«А на фига мне эта охота на бедную дикую кису? — подумала она, стоя посреди комнаты со шмотками в руках. — Никакого смысла оставаться здесь нет, все, что могла, — узнала. А ща как г-н Столбов вспомнит о своих ночных откровениях, да как с утреца и с похмелья захочет избавиться от дуры-свидетельницы. И повезет меня на какое-нибудь незарегистрированное кладбище, на последнюю мою экскурсию. Хотя, конечно, ничего жутко тайного я не слышала, ну разве договор с Луцким о двух миллионах, и то непонятно — в шутку это все или всерьез. Но вдруг Столбов — человек предельно осторожный? Вернее, беспредельно…»

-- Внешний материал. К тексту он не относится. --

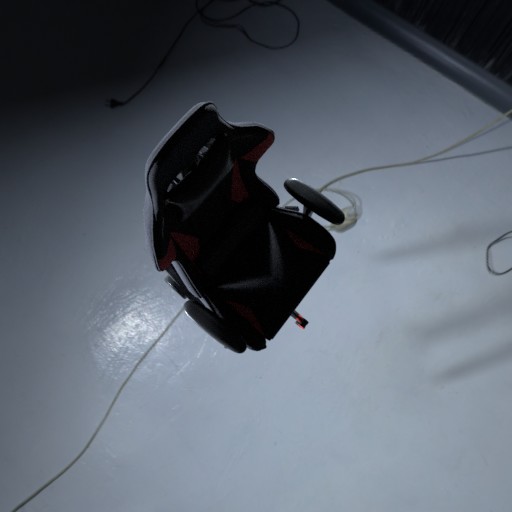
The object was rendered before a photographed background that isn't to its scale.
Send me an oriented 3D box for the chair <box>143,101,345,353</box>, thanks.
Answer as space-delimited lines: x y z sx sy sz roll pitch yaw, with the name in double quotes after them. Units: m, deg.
0.000 0.000 1.728 0.658 1.326 0.695 37 78 9 "chair"
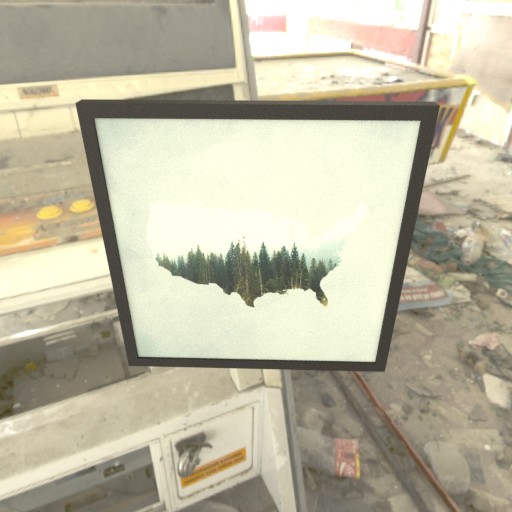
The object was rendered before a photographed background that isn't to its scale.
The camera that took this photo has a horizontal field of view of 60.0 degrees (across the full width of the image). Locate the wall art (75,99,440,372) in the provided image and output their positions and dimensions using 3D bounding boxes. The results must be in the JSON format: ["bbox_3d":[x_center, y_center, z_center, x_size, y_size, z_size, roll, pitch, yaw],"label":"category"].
[{"bbox_3d":[0.000,0.000,1.139,0.763,0.763,0.038,1,31,2],"label":"wall art"}]

«Или, — от внезапно пришедшей в голову мысли Татьяну реально прошиб холодный пот, — вдруг Столбов вообще не помнит, что именно наболтал мне вчера. А вдруг подумает крестный отец зимовецкого розлива, что наболтал много всего лишнего. И тогда избавиться от журналисточки надо на всякий случай. Нет девушки — нет проблем. Может, ну его на фиг профессиональную и прочие гордости? Взять сейчас и ломануться в леса, поплутаю, но когда-нибудь же выйду на шоссе, словлю попутку…»

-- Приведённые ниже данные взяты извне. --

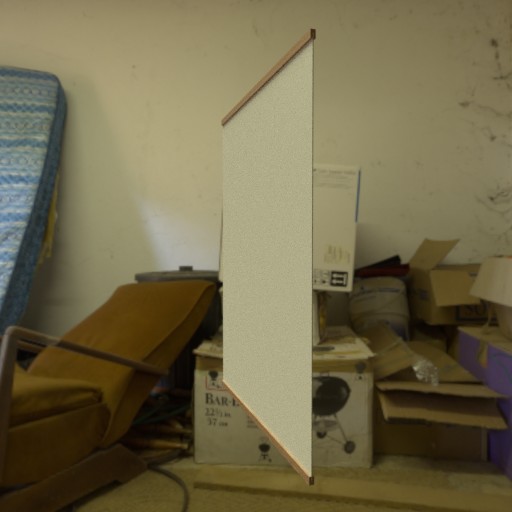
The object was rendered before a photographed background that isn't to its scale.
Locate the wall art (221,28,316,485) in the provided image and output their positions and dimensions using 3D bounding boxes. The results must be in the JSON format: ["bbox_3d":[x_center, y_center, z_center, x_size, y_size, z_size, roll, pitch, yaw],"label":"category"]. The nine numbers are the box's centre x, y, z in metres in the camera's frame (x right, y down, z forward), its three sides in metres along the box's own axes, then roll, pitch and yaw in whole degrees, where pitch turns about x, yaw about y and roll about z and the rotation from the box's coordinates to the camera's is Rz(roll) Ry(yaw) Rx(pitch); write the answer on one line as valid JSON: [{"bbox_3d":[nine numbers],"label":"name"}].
[{"bbox_3d":[0.000,0.000,1.345,0.013,1.016,0.758,0,1,-19],"label":"wall art"}]
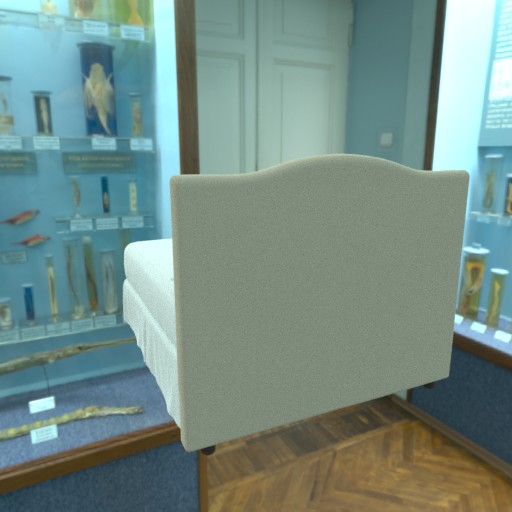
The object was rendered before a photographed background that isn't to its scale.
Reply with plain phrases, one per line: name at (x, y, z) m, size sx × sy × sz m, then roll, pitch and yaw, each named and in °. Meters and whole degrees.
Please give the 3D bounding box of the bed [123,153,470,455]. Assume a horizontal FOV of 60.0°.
bed at (0.000, 0.000, 3.264) m, size 1.753 × 1.460 × 2.143 m, roll -6°, pitch 14°, yaw -25°
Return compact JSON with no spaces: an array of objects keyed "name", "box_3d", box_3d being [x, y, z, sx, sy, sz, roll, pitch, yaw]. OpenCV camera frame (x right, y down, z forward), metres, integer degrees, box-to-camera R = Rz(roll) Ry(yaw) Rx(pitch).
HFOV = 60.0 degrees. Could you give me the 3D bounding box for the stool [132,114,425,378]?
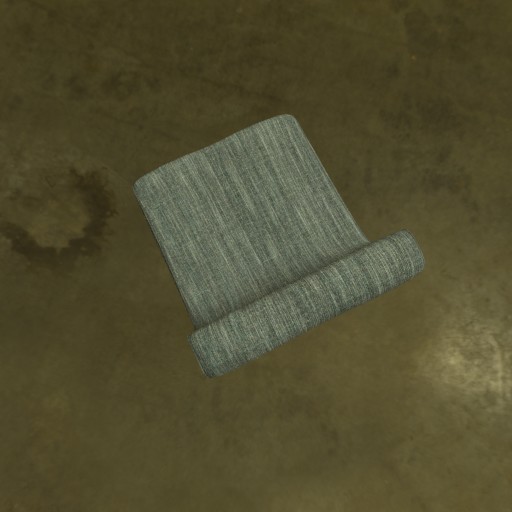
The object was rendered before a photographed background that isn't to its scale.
[{"name":"stool","box_3d":[0.000,0.000,1.237,0.426,0.965,0.499,-26,78,-6]}]

С этими мыслями, быстренько приведя себя в относительный порядок, Татьяна вошла в давешний пиршественный зал.
— О! Я так и думал! Наше здрасте кудесникам пера! — приветствовал ее Столбов.

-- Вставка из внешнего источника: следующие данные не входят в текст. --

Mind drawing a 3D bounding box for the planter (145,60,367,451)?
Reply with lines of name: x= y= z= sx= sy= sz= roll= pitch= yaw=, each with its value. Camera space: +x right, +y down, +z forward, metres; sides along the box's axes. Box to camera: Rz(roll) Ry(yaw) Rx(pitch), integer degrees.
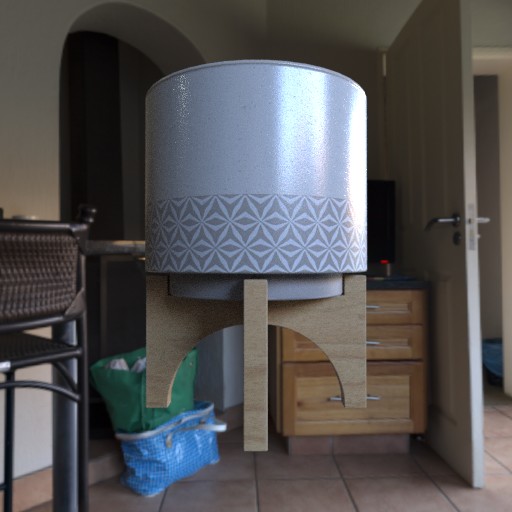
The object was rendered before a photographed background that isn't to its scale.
planter: x=0.000 y=0.000 z=0.511 sx=0.249 sy=0.343 sz=0.249 roll=0 pitch=-1 yaw=0
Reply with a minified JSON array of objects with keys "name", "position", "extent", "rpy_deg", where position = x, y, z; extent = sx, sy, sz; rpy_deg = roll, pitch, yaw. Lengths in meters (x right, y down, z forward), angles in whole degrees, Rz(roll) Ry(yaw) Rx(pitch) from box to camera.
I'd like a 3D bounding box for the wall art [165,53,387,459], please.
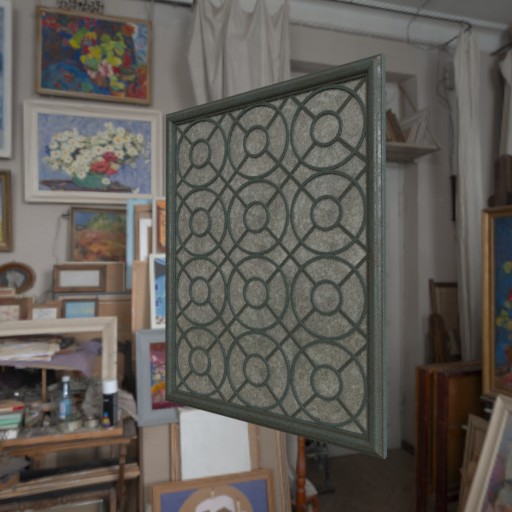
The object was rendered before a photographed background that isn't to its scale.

Он сидел за столом (ясное дело, с которого были убраны все следы вчерашнего ужина и постелена свежая скатерть) в зимней камуфляжной куртке и пил кофе. На соседнем стуле расположился по-утреннему хмурый господин Луцкий. Тоже в куртке, тоже готовый прямо сейчас и на охоту.
На одном из пустых стульев Таня заметила комплект теплой одежды и догадалась, что это для нее.
Ехали на внедорожнике Столбова. Перед стартом Столбов вручил девушке ружье. Та более-менее внятно перезарядила его и прицелилась — он остался доволен.
До места охоты добрались минут за десять. Немного прошли по снегу, егерь указал каждому его место Столбов занял позицию справа от Татьяны, и она его видела. Вдали лаяла собака, но было непонятно, приближается лай или нет.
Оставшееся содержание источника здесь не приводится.